Task instructions » Drop the pictures and restate the rest of the listing word for word.

[[ Dataset content, beginning ]]

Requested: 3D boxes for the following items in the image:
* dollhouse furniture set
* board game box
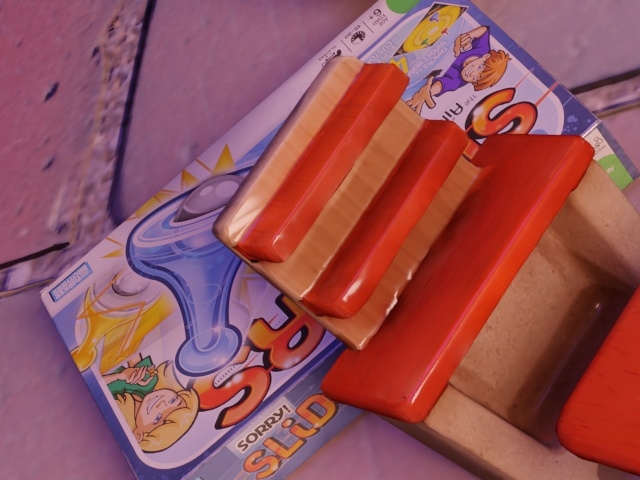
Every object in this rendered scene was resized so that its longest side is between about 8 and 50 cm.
[{"bbox_3d":[0.092,0.023,0.470,0.262,0.135,0.259,-56,27,-14],"label":"dollhouse furniture set"},{"bbox_3d":[0.000,0.000,0.685,0.201,0.035,0.136,-41,41,2],"label":"board game box"}]

[[ Dataset content, end ]]

Result of this exercise »
Requested: 3D boxes for the following items in the image:
* dollhouse furniture set
* board game box
Every object in this rendered scene was resized so that its longest side is between about 8 and 50 cm.
[{"bbox_3d":[0.092,0.023,0.470,0.262,0.135,0.259,-56,27,-14],"label":"dollhouse furniture set"},{"bbox_3d":[0.000,0.000,0.685,0.201,0.035,0.136,-41,41,2],"label":"board game box"}]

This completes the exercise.